* **Task details**: Find the line containing "What to use: the image above.". Reproduce it and every line after it up to the end of the records, exactly as written.

* **Data shown**:
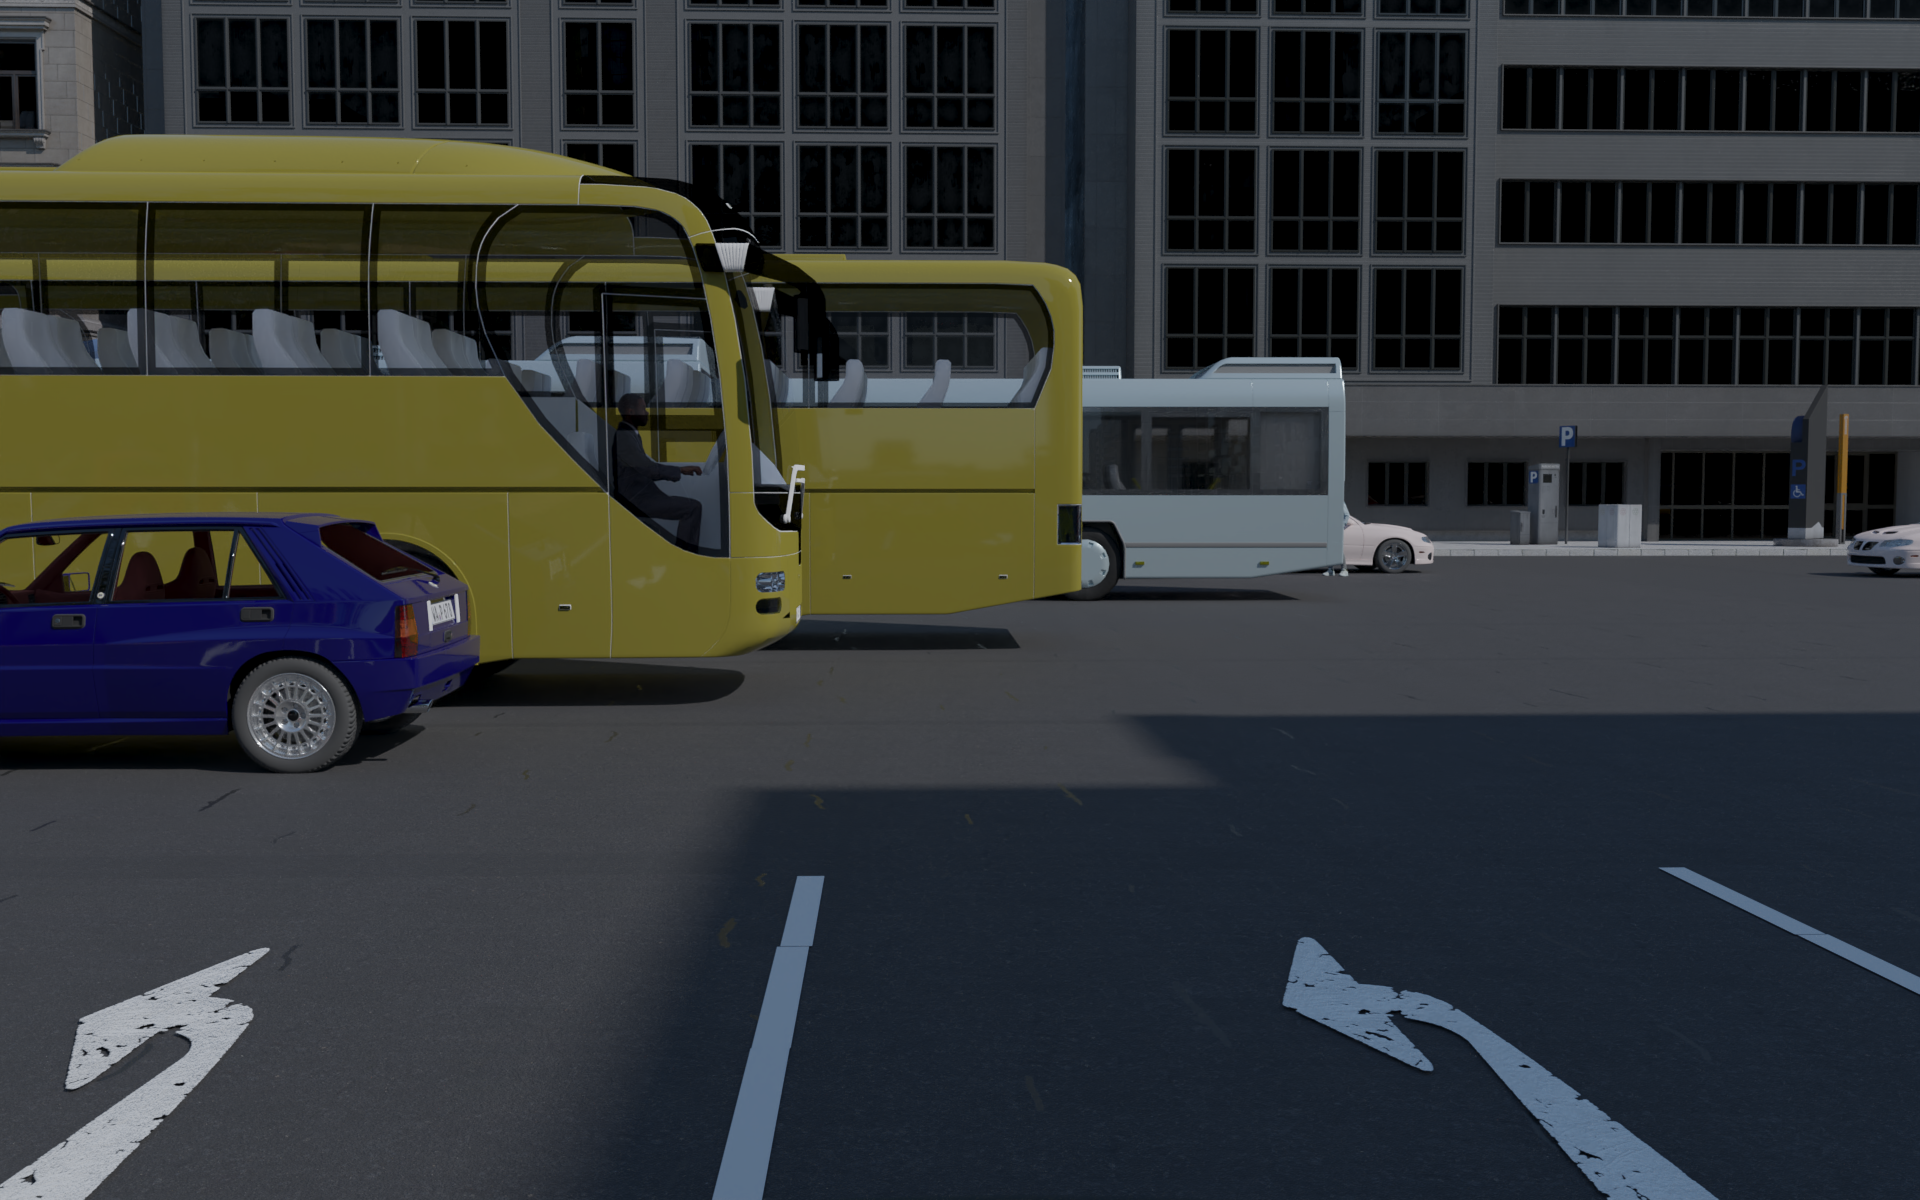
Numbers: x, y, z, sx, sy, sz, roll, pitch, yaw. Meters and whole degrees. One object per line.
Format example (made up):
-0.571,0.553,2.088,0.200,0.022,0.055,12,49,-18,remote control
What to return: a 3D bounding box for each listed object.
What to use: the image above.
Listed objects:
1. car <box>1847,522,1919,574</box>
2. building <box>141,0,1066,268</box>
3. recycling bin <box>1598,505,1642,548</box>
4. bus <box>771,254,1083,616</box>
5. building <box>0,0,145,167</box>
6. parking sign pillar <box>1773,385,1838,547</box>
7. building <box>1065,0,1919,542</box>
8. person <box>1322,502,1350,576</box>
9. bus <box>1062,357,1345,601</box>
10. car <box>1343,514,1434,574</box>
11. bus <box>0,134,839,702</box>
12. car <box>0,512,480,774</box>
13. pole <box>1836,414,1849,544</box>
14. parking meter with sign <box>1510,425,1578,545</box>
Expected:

* **Response box**:
What to use: the image above.
Listed objects:
1. car <box>1847,522,1919,574</box>
2. building <box>141,0,1066,268</box>
3. recycling bin <box>1598,505,1642,548</box>
4. bus <box>771,254,1083,616</box>
5. building <box>0,0,145,167</box>
6. parking sign pillar <box>1773,385,1838,547</box>
7. building <box>1065,0,1919,542</box>
8. person <box>1322,502,1350,576</box>
9. bus <box>1062,357,1345,601</box>
10. car <box>1343,514,1434,574</box>
11. bus <box>0,134,839,702</box>
12. car <box>0,512,480,774</box>
13. pole <box>1836,414,1849,544</box>
14. parking meter with sign <box>1510,425,1578,545</box>
Expected:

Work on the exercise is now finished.